##### Source information

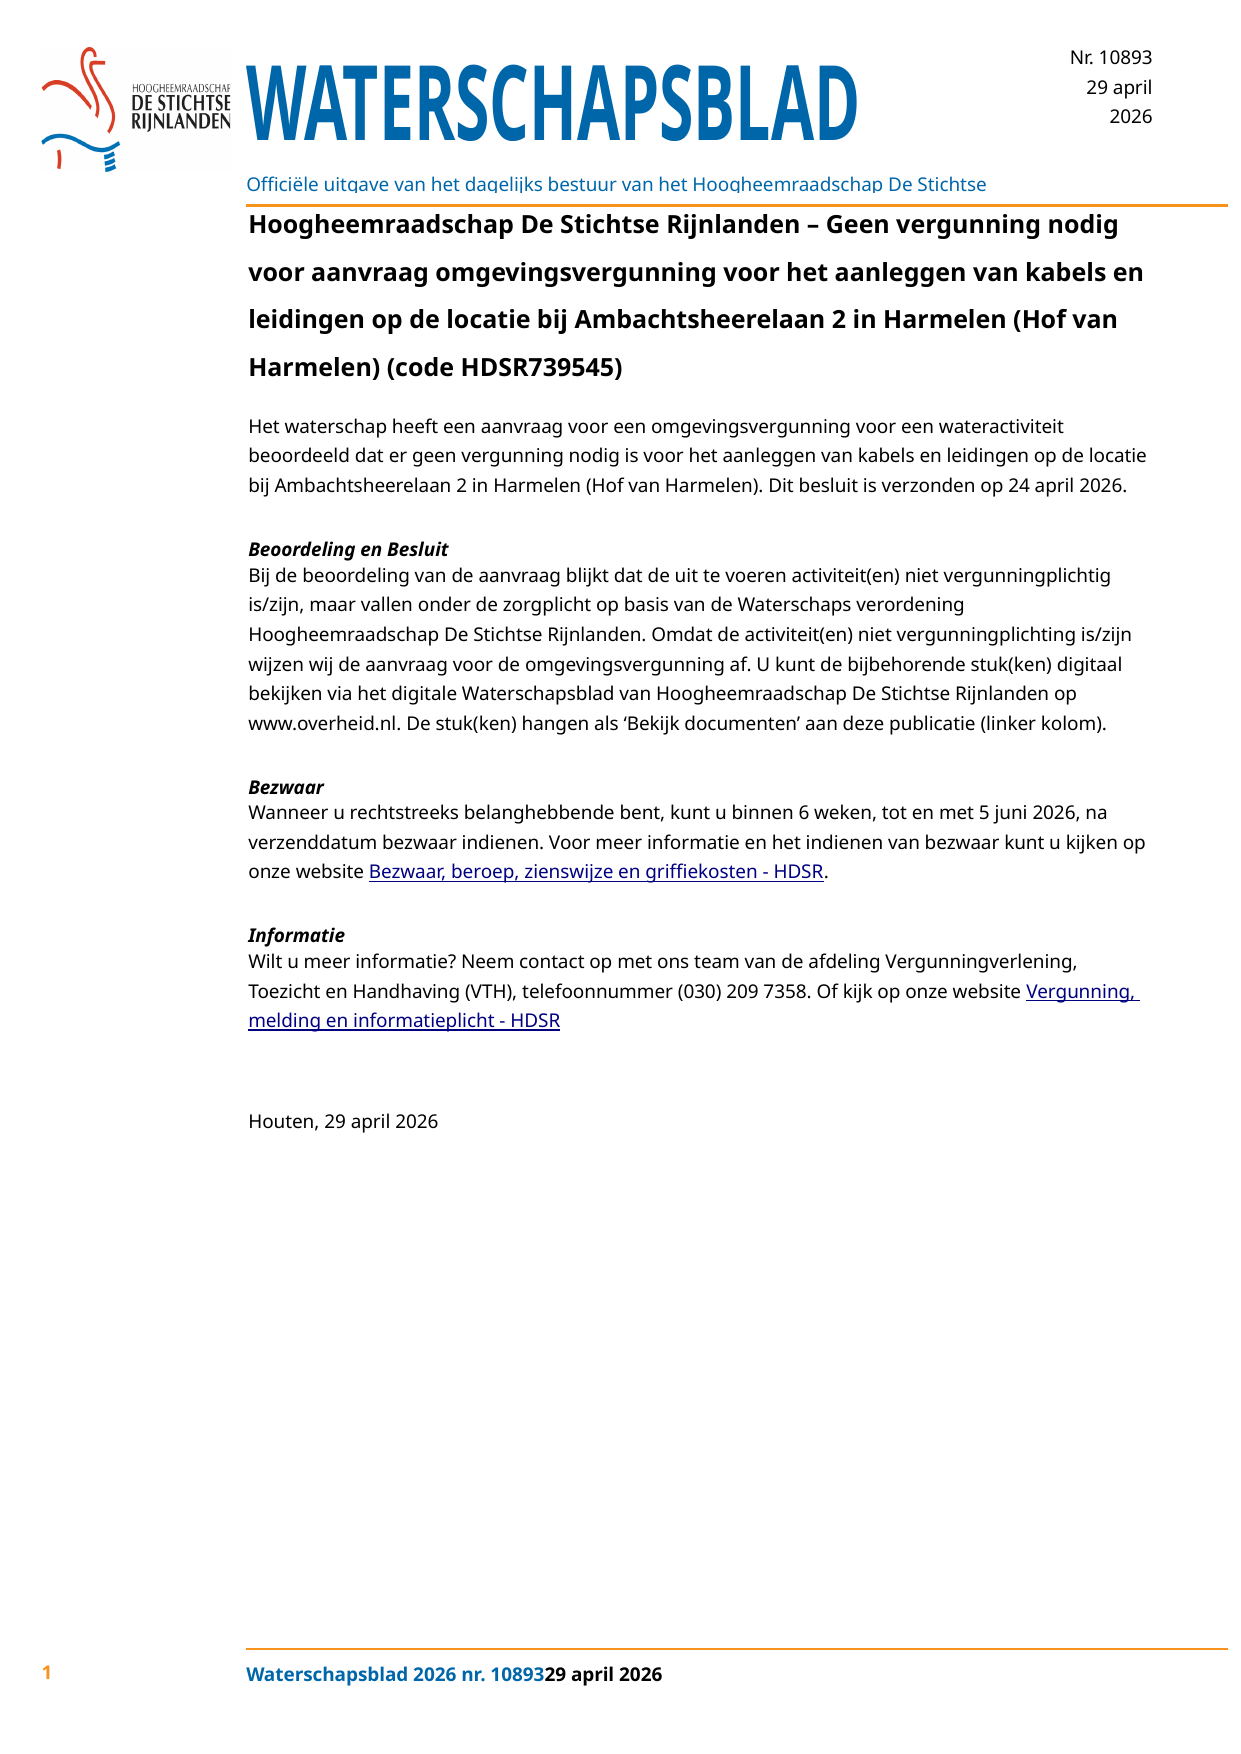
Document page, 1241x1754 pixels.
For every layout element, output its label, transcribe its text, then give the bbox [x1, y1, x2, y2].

text Beoordeling en Besluit [248, 536, 1152, 562]
text Het waterschap heeft een aanvraag voor een omgevingsvergunning voor een wateractiviteit beoordeeld dat er geen vergunning nodig is voor het aanleggen van kabels en leidingen op de locatie bij Ambachtsheerelaan 2 in Harmelen (Hof van Harmelen). Dit besluit is verzonden op 24 april 2026. [248, 413, 1152, 498]
text Bezwaar [248, 774, 1152, 799]
picture [41, 47, 231, 172]
text Wilt u meer informatie? Neem contact op met ons team van de afdeling Vergunningverlening, Toezicht en Handhaving (VTH), telefoonnummer (030) 209 7358. Of kijk op onze website Vergunning, melding en informatieplicht - HDSR [248, 948, 1152, 1033]
text Houten, 29 april 2026 [248, 1108, 1152, 1134]
text Wanneer u rechtstreeks belanghebbende bent, kunt u binnen 6 weken, tot en met 5 juni 2026, na verzenddatum bezwaar indienen. Voor meer informatie en het indienen van bezwaar kunt u kijken op onze website Bezwaar, beroep, zienswijze en griffiekosten - HDSR. [248, 799, 1152, 884]
text Informatie [248, 923, 1152, 948]
text Hoogheemraadschap De Stichtse Rijnlanden – Geen vergunning nodig voor aanvraag omgevingsvergunning voor het aanleggen van kabels en leidingen op de locatie bij Ambachtsheerelaan 2 in Harmelen (Hof van Harmelen) (code HDSR739545) [248, 207, 1152, 384]
text Bij de beoordeling van de aanvraag blijkt dat de uit te voeren activiteit(en) niet vergunningplichtig is/zijn, maar vallen onder de zorgplicht op basis van de Waterschaps verordening Hoogheemraadschap De Stichtse Rijnlanden. Omdat de activiteit(en) niet vergunningplichting is/zijn wijzen wij de aanvraag voor de omgevingsvergunning af. U kunt de bijbehorende stuk(ken) digitaal bekijken via het digitale Waterschapsblad van Hoogheemraadschap De Stichtse Rijnlanden op www.overheid.nl. De stuk(ken) hangen als ‘Bekijk documenten’ aan deze publicatie (linker kolom). [248, 562, 1152, 736]
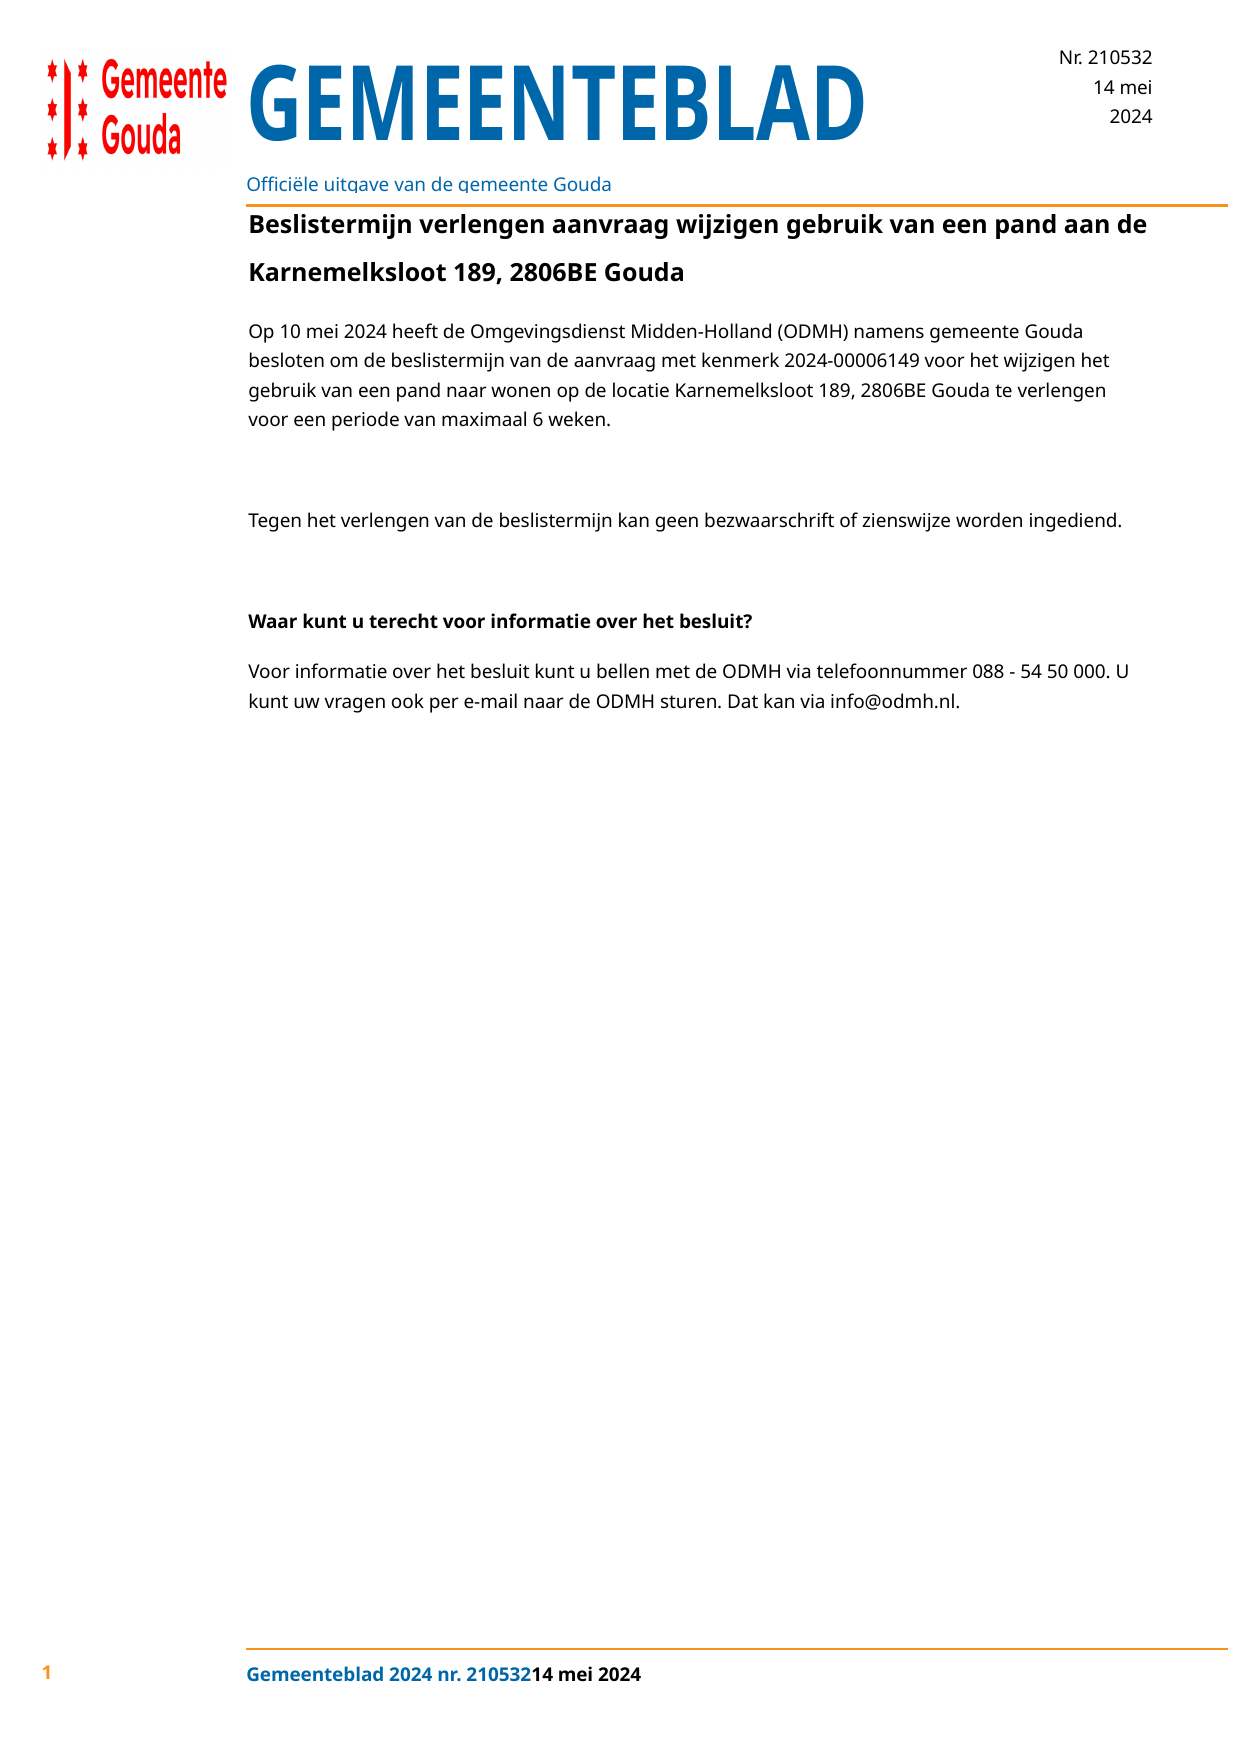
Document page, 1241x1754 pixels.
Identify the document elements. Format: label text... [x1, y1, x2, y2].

text Voor informatie over het besluit kunt u bellen met de ODMH via telefoonnummer 088 - 54 50 000. U kunt uw vragen ook per e-mail naar de ODMH sturen. Dat kan via info@odmh.nl. [248, 659, 1152, 714]
picture [41, 47, 231, 172]
text Tegen het verlengen van de beslistermijn kan geen bezwaarschrift of zienswijze worden ingediend. [248, 507, 1152, 533]
text Waar kunt u terecht voor informatie over het besluit? [248, 608, 1152, 634]
text Op 10 mei 2024 heeft de Omgevingsdienst Midden-Holland (ODMH) namens gemeente Gouda besloten om de beslistermijn van de aanvraag met kenmerk 2024-00006149 voor het wijzigen het gebruik van een pand naar wonen op de locatie Karnemelksloot 189, 2806BE Gouda te verlengen voor een periode van maximaal 6 weken. [248, 318, 1152, 432]
text Beslistermijn verlengen aanvraag wijzigen gebruik van een pand aan de Karnemelksloot 189, 2806BE Gouda [248, 207, 1152, 288]
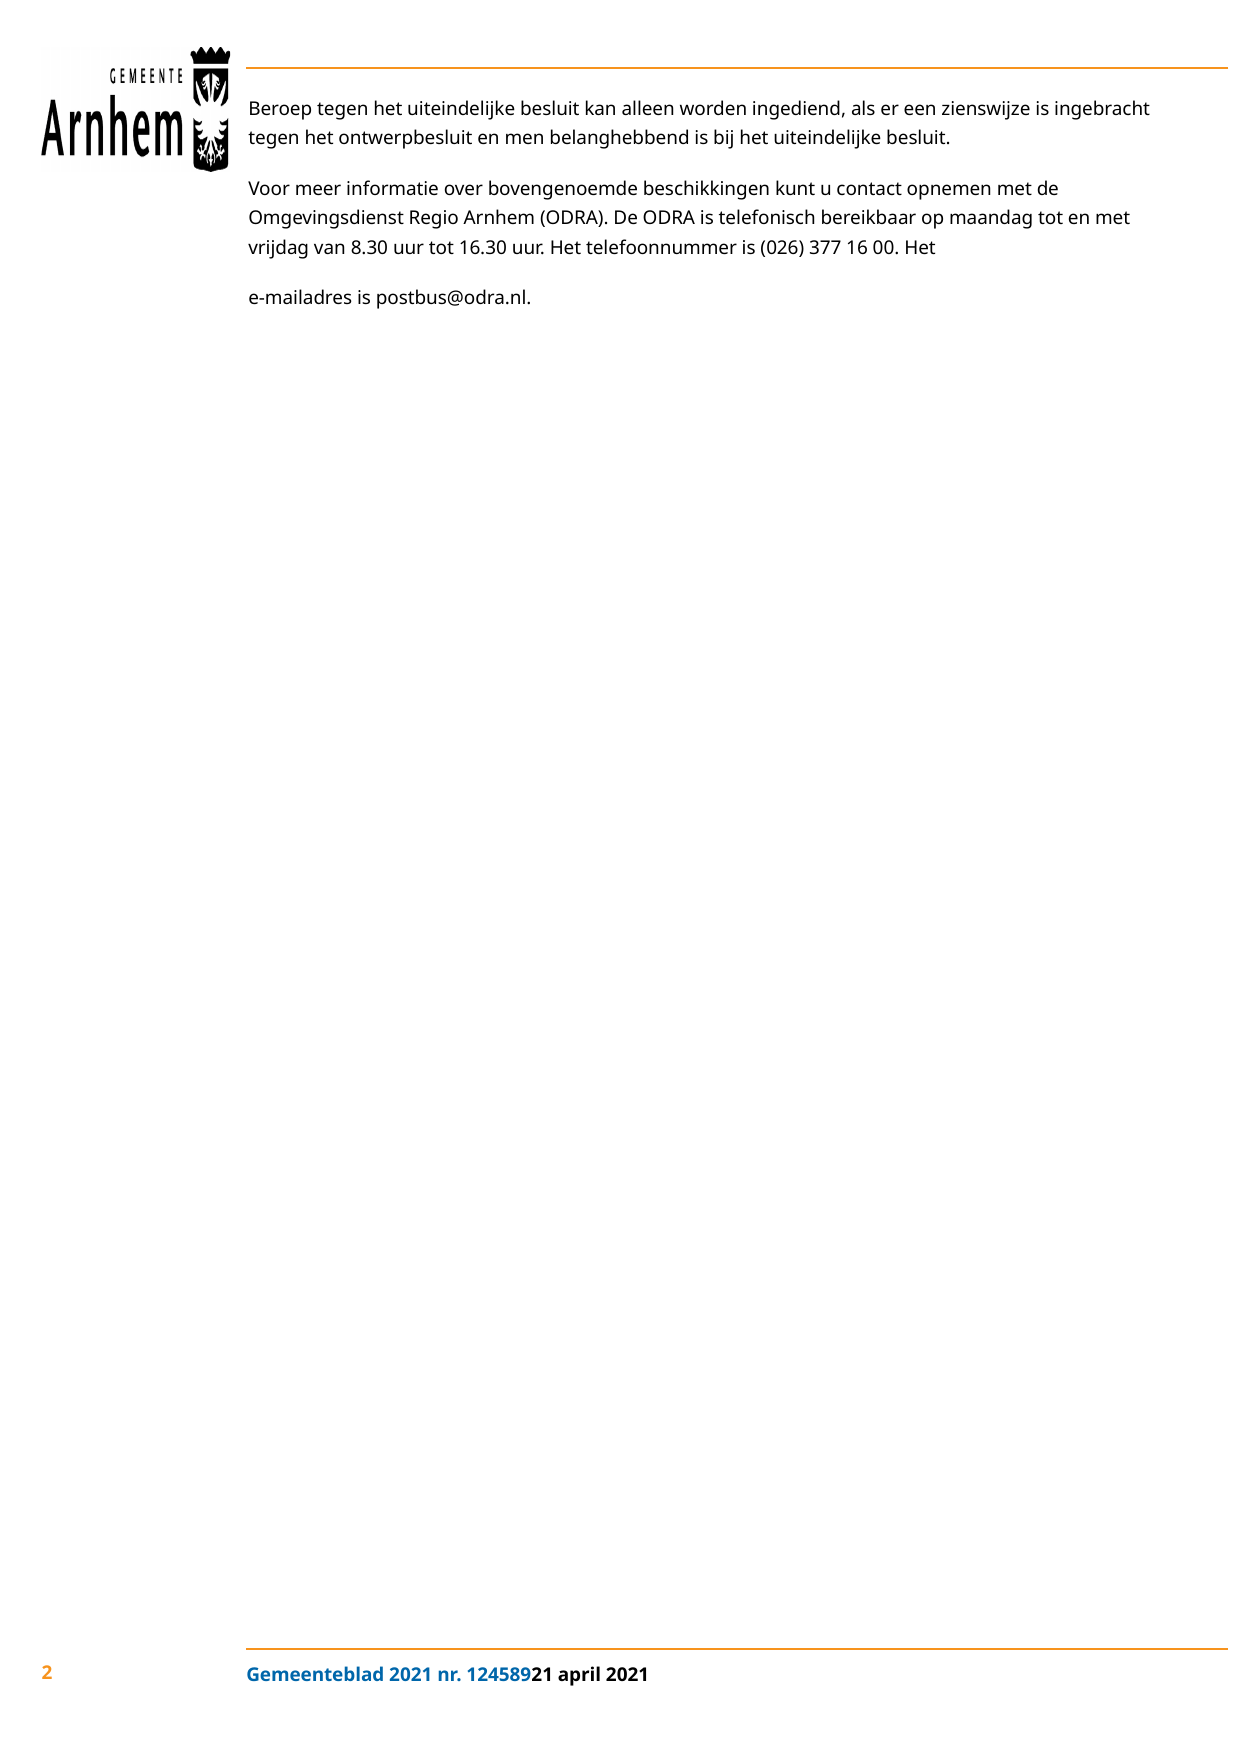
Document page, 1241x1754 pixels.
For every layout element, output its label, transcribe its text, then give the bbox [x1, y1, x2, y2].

##########

## Instructions to follow
Copy every line above word for word and exclude the pictures.

## Exercise result
Document page, 1241x1754 pixels.
For every layout element, output its label, transcribe its text, then give the bbox [x1, y1, x2, y2].

text Beoordeling en Besluit [248, 536, 1152, 562]
text Het waterschap heeft een aanvraag voor een omgevingsvergunning voor een wateractiviteit beoordeeld dat er geen vergunning nodig is voor het aanleggen van kabels en leidingen op de locatie bij Ambachtsheerelaan 2 in Harmelen (Hof van Harmelen). Dit besluit is verzonden op 24 april 2026. [248, 413, 1152, 498]
text Bezwaar [248, 774, 1152, 799]
picture [41, 47, 231, 172]
text Wilt u meer informatie? Neem contact op met ons team van de afdeling Vergunningverlening, Toezicht en Handhaving (VTH), telefoonnummer (030) 209 7358. Of kijk op onze website Vergunning, melding en informatieplicht - HDSR [248, 948, 1152, 1033]
text Houten, 29 april 2026 [248, 1108, 1152, 1134]
text Wanneer u rechtstreeks belanghebbende bent, kunt u binnen 6 weken, tot en met 5 juni 2026, na verzenddatum bezwaar indienen. Voor meer informatie en het indienen van bezwaar kunt u kijken op onze website Bezwaar, beroep, zienswijze en griffiekosten - HDSR. [248, 799, 1152, 884]
text Informatie [248, 923, 1152, 948]
text Hoogheemraadschap De Stichtse Rijnlanden – Geen vergunning nodig voor aanvraag omgevingsvergunning voor het aanleggen van kabels en leidingen op de locatie bij Ambachtsheerelaan 2 in Harmelen (Hof van Harmelen) (code HDSR739545) [248, 207, 1152, 384]
text Bij de beoordeling van de aanvraag blijkt dat de uit te voeren activiteit(en) niet vergunningplichtig is/zijn, maar vallen onder de zorgplicht op basis van de Waterschaps verordening Hoogheemraadschap De Stichtse Rijnlanden. Omdat de activiteit(en) niet vergunningplichting is/zijn wijzen wij de aanvraag voor de omgevingsvergunning af. U kunt de bijbehorende stuk(ken) digitaal bekijken via het digitale Waterschapsblad van Hoogheemraadschap De Stichtse Rijnlanden op www.overheid.nl. De stuk(ken) hangen als ‘Bekijk documenten’ aan deze publicatie (linker kolom). [248, 562, 1152, 736]
Document page, 1241x1754 pixels.
Identify the document elements. Format: label text... [x1, y1, x2, y2].

text Voor informatie over het besluit kunt u bellen met de ODMH via telefoonnummer 088 - 54 50 000. U kunt uw vragen ook per e-mail naar de ODMH sturen. Dat kan via info@odmh.nl. [248, 659, 1152, 714]
picture [41, 47, 231, 172]
text Tegen het verlengen van de beslistermijn kan geen bezwaarschrift of zienswijze worden ingediend. [248, 507, 1152, 533]
text Waar kunt u terecht voor informatie over het besluit? [248, 608, 1152, 634]
text Op 10 mei 2024 heeft de Omgevingsdienst Midden-Holland (ODMH) namens gemeente Gouda besloten om de beslistermijn van de aanvraag met kenmerk 2024-00006149 voor het wijzigen het gebruik van een pand naar wonen op de locatie Karnemelksloot 189, 2806BE Gouda te verlengen voor een periode van maximaal 6 weken. [248, 318, 1152, 432]
text Beslistermijn verlengen aanvraag wijzigen gebruik van een pand aan de Karnemelksloot 189, 2806BE Gouda [248, 207, 1152, 288]
Document page, 1241x1754 pixels.
For every layout element, output its label, transcribe its text, then give the bbox [x1, y1, x2, y2].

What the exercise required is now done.